(TASK INPUT begins)

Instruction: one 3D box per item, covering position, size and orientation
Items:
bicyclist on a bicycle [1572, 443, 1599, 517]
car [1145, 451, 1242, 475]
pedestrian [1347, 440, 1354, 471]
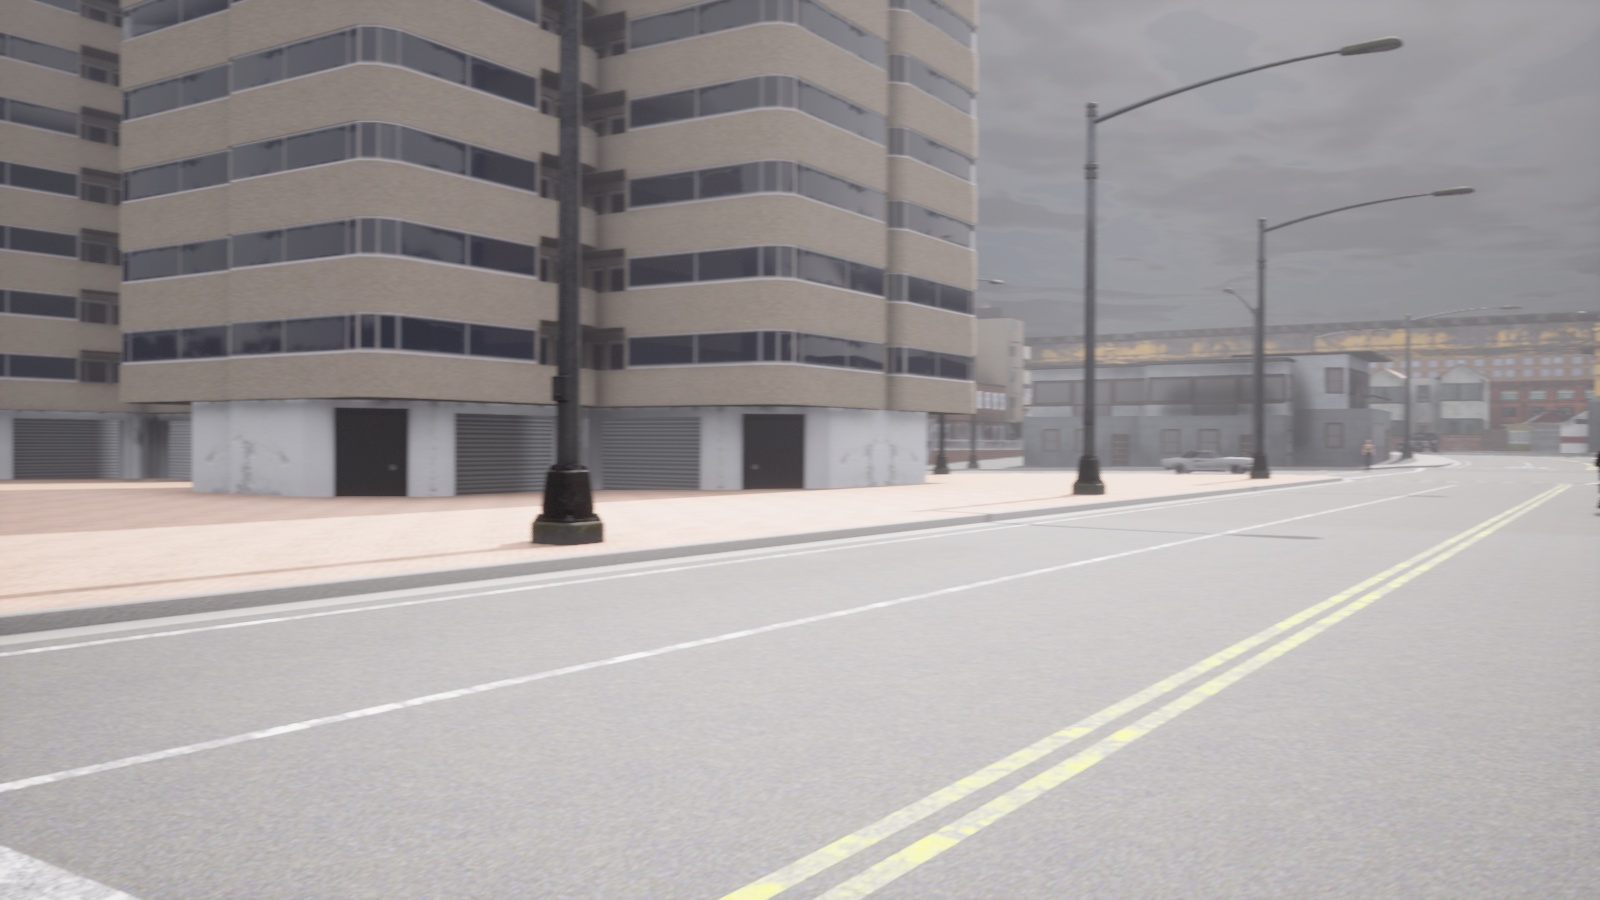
[{"bbox_3d":[17.739,0.654,28.236,0.582,1.620,1.656,1,0,33],"label":"bicyclist on a bicycle"},{"bbox_3d":[21.308,0.690,68.015,4.718,1.301,1.895,0,0,32],"label":"car"},{"bbox_3d":[32.492,0.310,74.125,0.345,1.836,0.594,1,0,28],"label":"pedestrian"}]

(TASK INPUT ends)

PROBLEM — Apart from the pictures, write every entry out again exactly.

ANSWER SPACE —
Instruction: one 3D box per item, covering position, size and orientation
Items:
bicyclist on a bicycle [1572, 443, 1599, 517]
car [1145, 451, 1242, 475]
pedestrian [1347, 440, 1354, 471]
[{"bbox_3d":[17.739,0.654,28.236,0.582,1.620,1.656,1,0,33],"label":"bicyclist on a bicycle"},{"bbox_3d":[21.308,0.690,68.015,4.718,1.301,1.895,0,0,32],"label":"car"},{"bbox_3d":[32.492,0.310,74.125,0.345,1.836,0.594,1,0,28],"label":"pedestrian"}]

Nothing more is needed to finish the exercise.